(Dataset excerpts)
--- --- ---

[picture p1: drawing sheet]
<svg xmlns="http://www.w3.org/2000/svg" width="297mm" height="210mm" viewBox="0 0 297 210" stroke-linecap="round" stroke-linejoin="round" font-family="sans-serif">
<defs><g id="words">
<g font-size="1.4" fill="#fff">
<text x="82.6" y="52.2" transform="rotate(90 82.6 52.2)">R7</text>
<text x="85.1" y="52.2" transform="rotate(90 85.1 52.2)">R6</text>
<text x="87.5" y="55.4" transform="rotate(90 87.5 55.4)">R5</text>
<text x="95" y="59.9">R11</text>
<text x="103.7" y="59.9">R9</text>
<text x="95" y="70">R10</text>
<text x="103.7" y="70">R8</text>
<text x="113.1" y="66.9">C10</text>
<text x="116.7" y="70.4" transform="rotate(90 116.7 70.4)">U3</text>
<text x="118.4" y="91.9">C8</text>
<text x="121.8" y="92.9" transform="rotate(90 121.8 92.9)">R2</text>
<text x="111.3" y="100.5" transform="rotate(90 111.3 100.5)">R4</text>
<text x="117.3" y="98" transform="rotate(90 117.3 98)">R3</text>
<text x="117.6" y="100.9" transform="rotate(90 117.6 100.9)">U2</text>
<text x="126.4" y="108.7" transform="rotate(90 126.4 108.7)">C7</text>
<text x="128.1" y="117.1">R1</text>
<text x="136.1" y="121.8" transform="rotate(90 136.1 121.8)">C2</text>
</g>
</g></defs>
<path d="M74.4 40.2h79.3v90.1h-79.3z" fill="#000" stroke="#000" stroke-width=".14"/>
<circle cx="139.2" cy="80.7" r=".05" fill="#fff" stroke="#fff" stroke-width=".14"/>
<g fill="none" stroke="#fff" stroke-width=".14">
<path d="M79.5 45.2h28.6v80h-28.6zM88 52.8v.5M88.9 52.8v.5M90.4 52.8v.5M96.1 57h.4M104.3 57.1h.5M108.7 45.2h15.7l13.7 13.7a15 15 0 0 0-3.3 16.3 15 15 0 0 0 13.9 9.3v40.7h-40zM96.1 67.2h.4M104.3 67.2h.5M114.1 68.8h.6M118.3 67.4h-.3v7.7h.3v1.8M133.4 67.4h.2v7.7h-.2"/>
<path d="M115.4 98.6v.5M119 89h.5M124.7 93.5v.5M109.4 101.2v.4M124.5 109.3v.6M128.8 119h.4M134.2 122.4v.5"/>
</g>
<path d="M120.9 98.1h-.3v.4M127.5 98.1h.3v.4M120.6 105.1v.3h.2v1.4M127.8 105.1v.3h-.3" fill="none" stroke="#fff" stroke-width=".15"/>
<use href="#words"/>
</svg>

--- --- ---

• **WORK REQUIRED**
Without changing a word, print all of the entries above.

• **OUTPUT OF THE EXERCISE**
[picture p1: drawing sheet]
<svg xmlns="http://www.w3.org/2000/svg" width="297mm" height="210mm" viewBox="0 0 297 210" stroke-linecap="round" stroke-linejoin="round" font-family="sans-serif">
<defs><g id="words">
<g font-size="1.4" fill="#fff">
<text x="82.6" y="52.2" transform="rotate(90 82.6 52.2)">R7</text>
<text x="85.1" y="52.2" transform="rotate(90 85.1 52.2)">R6</text>
<text x="87.5" y="55.4" transform="rotate(90 87.5 55.4)">R5</text>
<text x="95" y="59.9">R11</text>
<text x="103.7" y="59.9">R9</text>
<text x="95" y="70">R10</text>
<text x="103.7" y="70">R8</text>
<text x="113.1" y="66.9">C10</text>
<text x="116.7" y="70.4" transform="rotate(90 116.7 70.4)">U3</text>
<text x="118.4" y="91.9">C8</text>
<text x="121.8" y="92.9" transform="rotate(90 121.8 92.9)">R2</text>
<text x="111.3" y="100.5" transform="rotate(90 111.3 100.5)">R4</text>
<text x="117.3" y="98" transform="rotate(90 117.3 98)">R3</text>
<text x="117.6" y="100.9" transform="rotate(90 117.6 100.9)">U2</text>
<text x="126.4" y="108.7" transform="rotate(90 126.4 108.7)">C7</text>
<text x="128.1" y="117.1">R1</text>
<text x="136.1" y="121.8" transform="rotate(90 136.1 121.8)">C2</text>
</g>
</g></defs>
<path d="M74.4 40.2h79.3v90.1h-79.3z" fill="#000" stroke="#000" stroke-width=".14"/>
<circle cx="139.2" cy="80.7" r=".05" fill="#fff" stroke="#fff" stroke-width=".14"/>
<g fill="none" stroke="#fff" stroke-width=".14">
<path d="M79.5 45.2h28.6v80h-28.6zM88 52.8v.5M88.9 52.8v.5M90.4 52.8v.5M96.1 57h.4M104.3 57.1h.5M108.7 45.2h15.7l13.7 13.7a15 15 0 0 0-3.3 16.3 15 15 0 0 0 13.9 9.3v40.7h-40zM96.1 67.2h.4M104.3 67.2h.5M114.1 68.8h.6M118.3 67.4h-.3v7.7h.3v1.8M133.4 67.4h.2v7.7h-.2"/>
<path d="M115.4 98.6v.5M119 89h.5M124.7 93.5v.5M109.4 101.2v.4M124.5 109.3v.6M128.8 119h.4M134.2 122.4v.5"/>
</g>
<path d="M120.9 98.1h-.3v.4M127.5 98.1h.3v.4M120.6 105.1v.3h.2v1.4M127.8 105.1v.3h-.3" fill="none" stroke="#fff" stroke-width=".15"/>
<use href="#words"/>
</svg>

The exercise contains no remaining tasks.